Would you please copy the part of the material below that opens with the line containing "22) plastic barrel (0,71,243,314)" and closes with the line containing "59) pallet (1606,655,1766,1002)"? Copy it exactly, and only it.

Given data ::

-- Opening Marker --

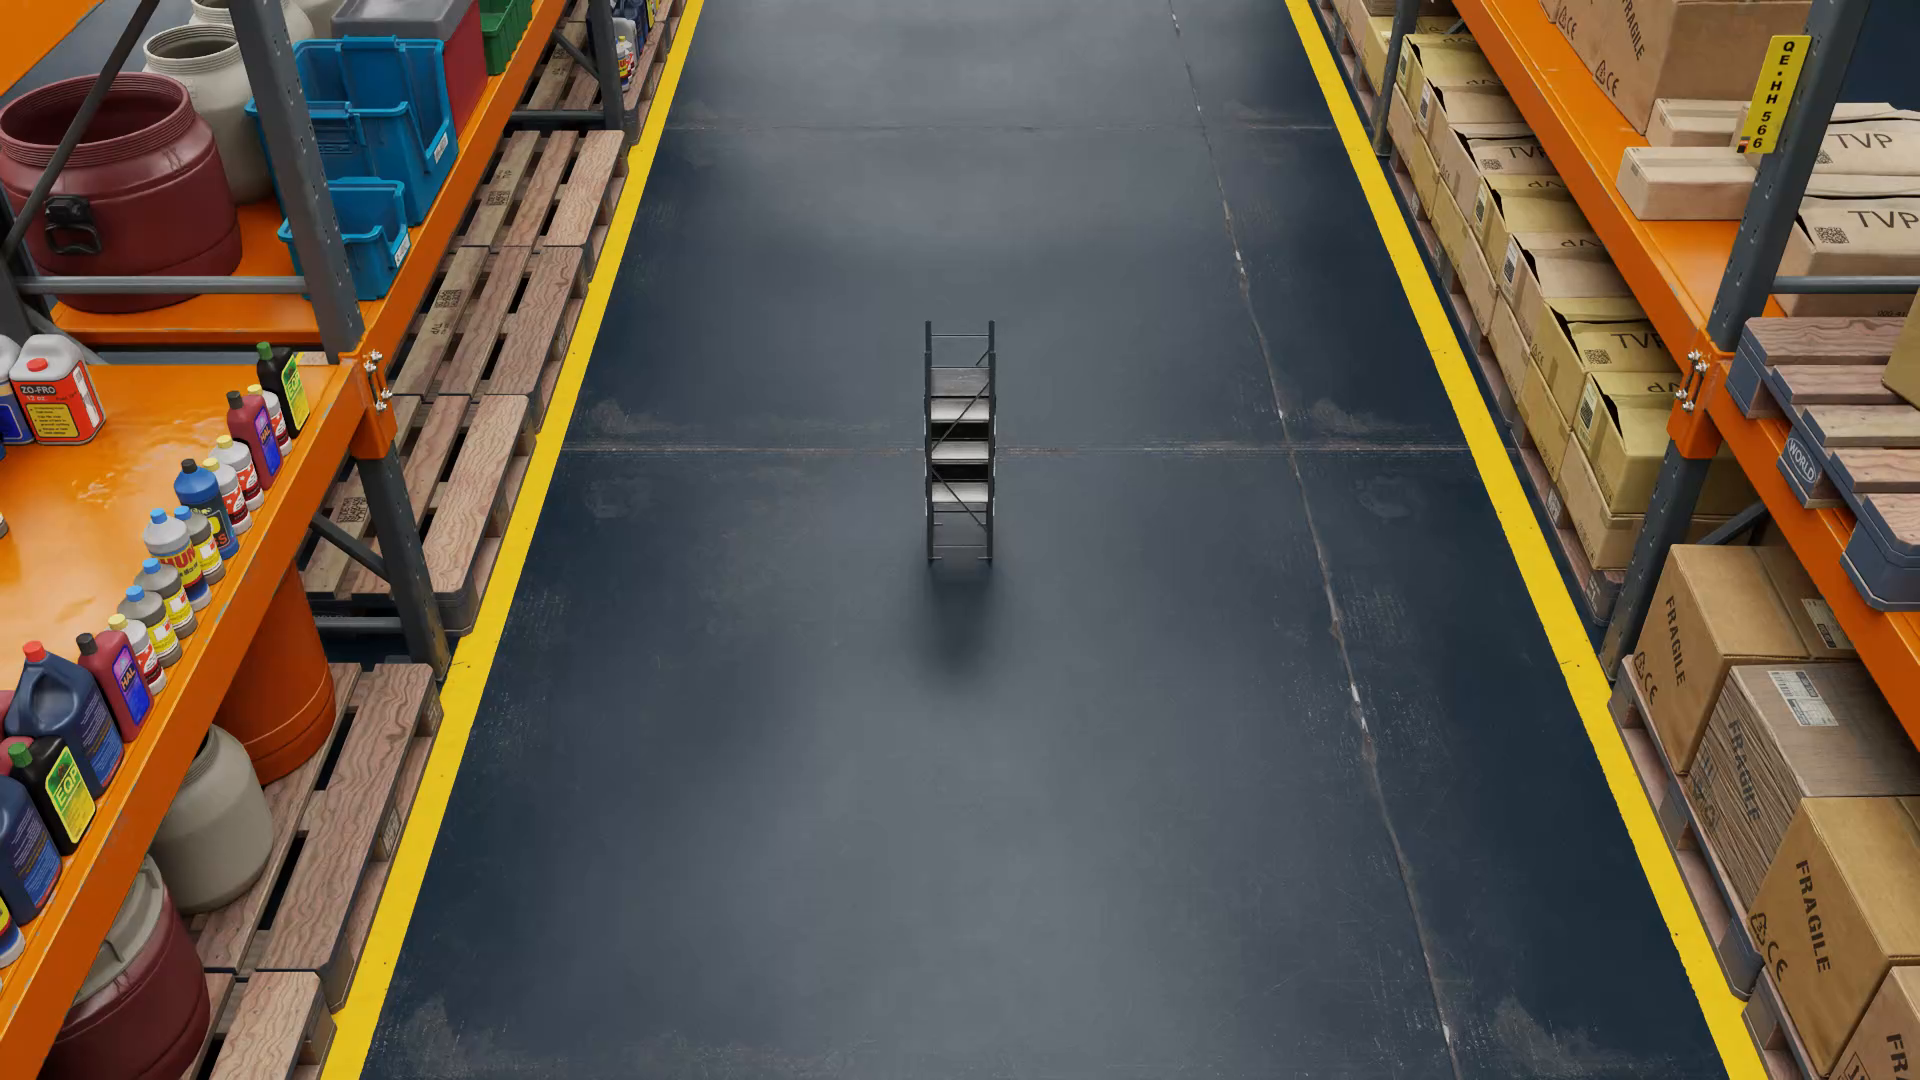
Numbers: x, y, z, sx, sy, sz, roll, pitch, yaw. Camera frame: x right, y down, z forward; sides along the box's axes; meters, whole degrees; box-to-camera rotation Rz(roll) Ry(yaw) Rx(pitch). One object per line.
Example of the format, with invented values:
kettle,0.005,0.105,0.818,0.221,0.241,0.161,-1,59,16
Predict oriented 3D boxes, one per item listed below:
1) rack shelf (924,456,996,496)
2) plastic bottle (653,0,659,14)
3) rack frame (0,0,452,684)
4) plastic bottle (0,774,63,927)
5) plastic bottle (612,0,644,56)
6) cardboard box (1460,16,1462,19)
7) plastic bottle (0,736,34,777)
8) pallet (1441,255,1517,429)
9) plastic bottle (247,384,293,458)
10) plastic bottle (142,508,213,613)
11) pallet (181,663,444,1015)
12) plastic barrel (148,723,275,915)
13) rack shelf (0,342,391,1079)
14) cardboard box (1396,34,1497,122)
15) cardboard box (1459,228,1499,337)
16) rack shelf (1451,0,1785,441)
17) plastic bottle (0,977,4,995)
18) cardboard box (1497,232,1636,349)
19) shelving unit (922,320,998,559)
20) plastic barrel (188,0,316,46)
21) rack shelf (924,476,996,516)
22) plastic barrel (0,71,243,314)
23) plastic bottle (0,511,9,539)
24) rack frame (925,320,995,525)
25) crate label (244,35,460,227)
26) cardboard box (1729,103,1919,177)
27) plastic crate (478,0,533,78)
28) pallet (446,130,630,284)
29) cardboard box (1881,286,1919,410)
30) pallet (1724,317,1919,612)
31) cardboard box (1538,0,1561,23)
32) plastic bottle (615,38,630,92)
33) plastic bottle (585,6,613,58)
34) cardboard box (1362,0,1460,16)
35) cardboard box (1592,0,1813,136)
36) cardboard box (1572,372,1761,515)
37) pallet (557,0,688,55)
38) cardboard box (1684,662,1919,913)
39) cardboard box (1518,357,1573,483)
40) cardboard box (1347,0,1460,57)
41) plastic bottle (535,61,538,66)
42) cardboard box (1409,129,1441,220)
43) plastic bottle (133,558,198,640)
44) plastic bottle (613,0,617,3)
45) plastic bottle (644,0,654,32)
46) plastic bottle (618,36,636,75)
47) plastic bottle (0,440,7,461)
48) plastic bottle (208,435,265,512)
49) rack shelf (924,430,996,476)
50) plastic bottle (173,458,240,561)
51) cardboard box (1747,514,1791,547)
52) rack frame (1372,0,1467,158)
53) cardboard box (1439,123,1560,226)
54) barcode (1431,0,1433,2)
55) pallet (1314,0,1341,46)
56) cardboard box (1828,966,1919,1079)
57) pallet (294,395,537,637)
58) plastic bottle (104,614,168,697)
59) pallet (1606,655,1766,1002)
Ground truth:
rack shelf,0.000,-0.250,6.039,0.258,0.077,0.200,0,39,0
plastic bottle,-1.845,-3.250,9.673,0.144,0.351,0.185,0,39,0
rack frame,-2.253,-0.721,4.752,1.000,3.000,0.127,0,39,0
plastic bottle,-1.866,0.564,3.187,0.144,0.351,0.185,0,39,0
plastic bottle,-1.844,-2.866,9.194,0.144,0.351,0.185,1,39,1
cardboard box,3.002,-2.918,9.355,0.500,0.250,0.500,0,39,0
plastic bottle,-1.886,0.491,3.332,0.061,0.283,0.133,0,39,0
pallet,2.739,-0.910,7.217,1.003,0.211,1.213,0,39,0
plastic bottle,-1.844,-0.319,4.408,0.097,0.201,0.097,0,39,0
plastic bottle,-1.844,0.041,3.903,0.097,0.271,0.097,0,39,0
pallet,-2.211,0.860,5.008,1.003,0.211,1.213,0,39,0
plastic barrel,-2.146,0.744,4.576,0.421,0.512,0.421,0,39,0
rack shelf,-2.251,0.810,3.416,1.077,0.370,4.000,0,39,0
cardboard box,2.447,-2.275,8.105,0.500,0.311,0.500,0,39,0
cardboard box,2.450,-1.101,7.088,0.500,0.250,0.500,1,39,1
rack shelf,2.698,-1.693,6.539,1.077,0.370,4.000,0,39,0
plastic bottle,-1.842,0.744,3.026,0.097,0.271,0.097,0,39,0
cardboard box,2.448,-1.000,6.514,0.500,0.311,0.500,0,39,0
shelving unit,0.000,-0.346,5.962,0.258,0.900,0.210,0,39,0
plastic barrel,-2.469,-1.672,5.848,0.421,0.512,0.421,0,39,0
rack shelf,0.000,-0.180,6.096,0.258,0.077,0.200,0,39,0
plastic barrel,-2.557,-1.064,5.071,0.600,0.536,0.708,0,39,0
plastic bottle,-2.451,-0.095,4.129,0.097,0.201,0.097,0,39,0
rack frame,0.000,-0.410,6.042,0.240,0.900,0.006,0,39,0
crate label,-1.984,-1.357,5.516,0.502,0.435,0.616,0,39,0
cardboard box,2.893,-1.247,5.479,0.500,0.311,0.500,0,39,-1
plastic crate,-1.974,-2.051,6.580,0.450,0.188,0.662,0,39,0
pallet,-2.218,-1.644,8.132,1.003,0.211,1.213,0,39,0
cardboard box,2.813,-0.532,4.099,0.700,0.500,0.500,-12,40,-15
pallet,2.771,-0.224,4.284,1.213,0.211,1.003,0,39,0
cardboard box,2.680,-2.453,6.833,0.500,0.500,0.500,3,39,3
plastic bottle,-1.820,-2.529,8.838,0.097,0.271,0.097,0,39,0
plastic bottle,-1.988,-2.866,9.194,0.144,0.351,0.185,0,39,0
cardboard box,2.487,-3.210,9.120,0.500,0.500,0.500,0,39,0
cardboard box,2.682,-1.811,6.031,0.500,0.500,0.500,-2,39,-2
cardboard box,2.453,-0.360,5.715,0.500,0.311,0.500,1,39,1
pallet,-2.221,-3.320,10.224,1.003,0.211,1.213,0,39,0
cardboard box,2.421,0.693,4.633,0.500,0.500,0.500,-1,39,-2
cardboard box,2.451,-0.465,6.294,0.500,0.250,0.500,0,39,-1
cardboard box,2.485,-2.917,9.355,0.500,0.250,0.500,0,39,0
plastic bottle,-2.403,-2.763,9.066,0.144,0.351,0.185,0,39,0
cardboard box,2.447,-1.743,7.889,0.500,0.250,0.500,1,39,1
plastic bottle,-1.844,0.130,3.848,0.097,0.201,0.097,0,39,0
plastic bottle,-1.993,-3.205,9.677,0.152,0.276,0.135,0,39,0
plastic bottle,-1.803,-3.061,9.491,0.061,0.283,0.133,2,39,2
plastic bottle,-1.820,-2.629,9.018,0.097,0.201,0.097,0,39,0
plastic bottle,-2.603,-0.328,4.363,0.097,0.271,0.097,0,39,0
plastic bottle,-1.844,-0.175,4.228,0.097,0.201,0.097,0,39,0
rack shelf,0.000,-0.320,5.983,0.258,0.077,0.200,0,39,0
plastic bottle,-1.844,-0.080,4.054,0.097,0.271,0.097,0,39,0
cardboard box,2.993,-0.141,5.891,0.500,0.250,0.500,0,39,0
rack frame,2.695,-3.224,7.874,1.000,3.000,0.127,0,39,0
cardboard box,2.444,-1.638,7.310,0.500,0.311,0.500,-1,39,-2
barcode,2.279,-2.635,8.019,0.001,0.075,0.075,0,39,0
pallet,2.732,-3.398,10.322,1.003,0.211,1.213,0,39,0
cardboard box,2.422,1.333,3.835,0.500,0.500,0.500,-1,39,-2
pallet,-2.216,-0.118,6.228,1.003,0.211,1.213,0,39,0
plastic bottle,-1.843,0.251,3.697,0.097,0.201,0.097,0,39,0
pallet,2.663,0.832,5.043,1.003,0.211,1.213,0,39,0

-- Closing Marker --

Response to this task ::
22) plastic barrel (0,71,243,314)
23) plastic bottle (0,511,9,539)
24) rack frame (925,320,995,525)
25) crate label (244,35,460,227)
26) cardboard box (1729,103,1919,177)
27) plastic crate (478,0,533,78)
28) pallet (446,130,630,284)
29) cardboard box (1881,286,1919,410)
30) pallet (1724,317,1919,612)
31) cardboard box (1538,0,1561,23)
32) plastic bottle (615,38,630,92)
33) plastic bottle (585,6,613,58)
34) cardboard box (1362,0,1460,16)
35) cardboard box (1592,0,1813,136)
36) cardboard box (1572,372,1761,515)
37) pallet (557,0,688,55)
38) cardboard box (1684,662,1919,913)
39) cardboard box (1518,357,1573,483)
40) cardboard box (1347,0,1460,57)
41) plastic bottle (535,61,538,66)
42) cardboard box (1409,129,1441,220)
43) plastic bottle (133,558,198,640)
44) plastic bottle (613,0,617,3)
45) plastic bottle (644,0,654,32)
46) plastic bottle (618,36,636,75)
47) plastic bottle (0,440,7,461)
48) plastic bottle (208,435,265,512)
49) rack shelf (924,430,996,476)
50) plastic bottle (173,458,240,561)
51) cardboard box (1747,514,1791,547)
52) rack frame (1372,0,1467,158)
53) cardboard box (1439,123,1560,226)
54) barcode (1431,0,1433,2)
55) pallet (1314,0,1341,46)
56) cardboard box (1828,966,1919,1079)
57) pallet (294,395,537,637)
58) plastic bottle (104,614,168,697)
59) pallet (1606,655,1766,1002)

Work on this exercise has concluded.